# Notebook 0 - Utilities
This notebook is **not** part of the monastery database to FactGrid workflow. It contains useful routines that can be used to perform a variety of tasks surrounding the upload of data to FactGrid.

## FactGrid -> Klosterdatenbank
After the import of new monasteries, it is desired to add the newly created FactGrid Items for each religious community and building complex back to the monaster database. Execute the following cell to query FactGrid for monasteries and building complexes associated with the Germania Sacra or the monastery database. These can then be imported into the access database. The files can be found under `data/factgrid_data/` in both, CSV and Excel format.

In [11]:
from helper_functions import query_factgrid

# Get FactGrid Data
monasteries_in_factgrid = query_factgrid("monasteries")
building_complexes_in_factgrid = query_factgrid("building_complexes")

# Cleanup data
monasteries_in_factgrid["item"] = monasteries_in_factgrid["item"].str.split("/").str[-1]
monasteries_in_factgrid.rename(columns={"item":"url_value", "KlosterdatenbankID":"gsn_id"}, inplace=True)
monasteries_in_factgrid["url_type_id"] = 42

building_complexes_in_factgrid
building_complexes_in_factgrid["item"] = building_complexes_in_factgrid["item"].str.split("/").str[-1]
building_complexes_in_factgrid["GSVocabTerm"] = building_complexes_in_factgrid["GSVocabTerm"].str.split("Location").str[-1]
building_complexes_in_factgrid.rename(columns={"item":"factgrid_id", "GSVocabTerm":"id_monastery_location"}, inplace=True)

# Save data
monasteries_in_factgrid.to_csv("data/factgrid_data/monasteries_in_factgrid.csv")
monasteries_in_factgrid.to_excel("data/factgrid_data/monasteries_in_factgrid.xlsx")
building_complexes_in_factgrid.to_csv("data/factgrid_data/building_complexes_in_factgrid.csv")
building_complexes_in_factgrid.to_excel("data/factgrid_data/building_complexes_in_factgrid.xlsx")

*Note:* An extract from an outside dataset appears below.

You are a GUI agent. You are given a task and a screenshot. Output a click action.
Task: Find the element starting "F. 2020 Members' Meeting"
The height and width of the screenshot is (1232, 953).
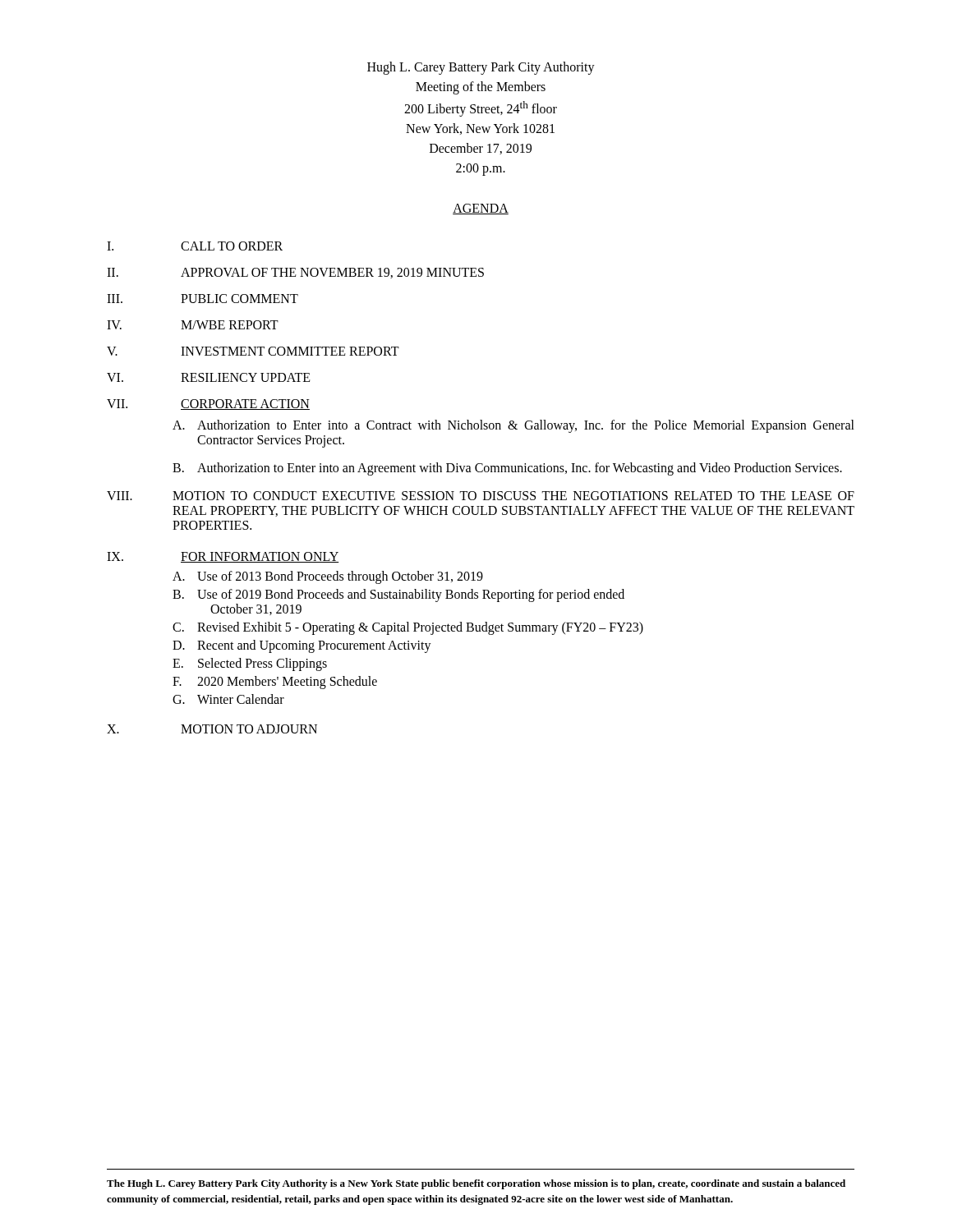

## Query FactGrid using API
The function `query_factgrid` in `helper_functions.py` allows to perform specific predefined queries against FactGrid's SPARQL endpoint. If you plan to use a query frequently, it makes sense to add it to the function so that it can be called directly. However, if you just want to quickly perform a one-time-query you can execute the following cell. Make sure to change the lines with comments behind them to fit your usecase. Results will be stored in `data/factgrid_data/`

*Method was mainly coded by Luana Moares Coasta*

In [12]:
from SPARQLWrapper import SPARQLWrapper, JSON
import pandas as pd

ENDPOINT = "https://database.factgrid.de/sparql"
FILE_NAME = "query_results" # ENTER YOUR DESIRED OUTPUT-FILE-NAME HERE

# ENTER YOUR QUERY HERE
query = """
SELECT ?monastery ?monasteryLabel
       ?klosterdatenbankID
       ?coord
WHERE {
  ?monastery wdt:P2   wd:Q141472 .        # instance of → monastery
  ?monastery wdt:P471 ?klosterdatenbankID .  # Klosterdatenbank ID (P471)

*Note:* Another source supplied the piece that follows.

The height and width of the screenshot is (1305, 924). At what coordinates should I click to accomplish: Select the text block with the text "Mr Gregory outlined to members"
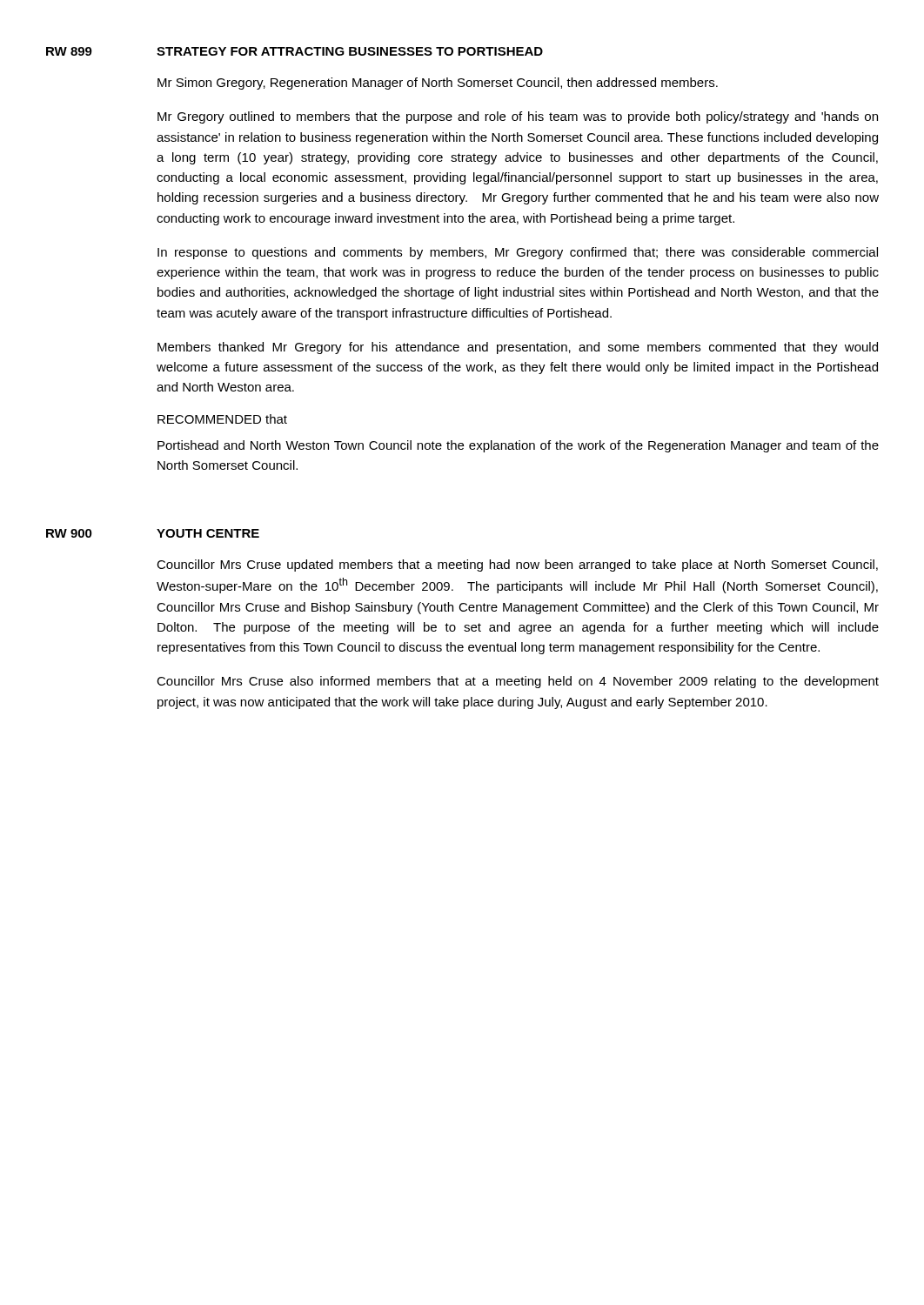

  OPTIONAL { ?monastery wdt:P48 ?coord }  # coordinates, if present

  SERVICE wikibase:label { bd:serviceParam wikibase:language "en,de". }

}

LIMIT 100
"""

sparql = SPARQLWrapper(ENDPOINT)
sparql.setQuery(query)
sparql.setReturnFormat(JSON)

results = sparql.query().convert()

rows = [
    {key: val["value"] for key, val in binding.items()}
    for binding in results["results"]["bindings"]
]

df = pd.DataFrame(rows)

df.to_csv(f"data/factgrid_data/{FILE_NAME}.csv")
df.to_excel(f"data/factgrid_data/{FILE_NAME}.xlsx")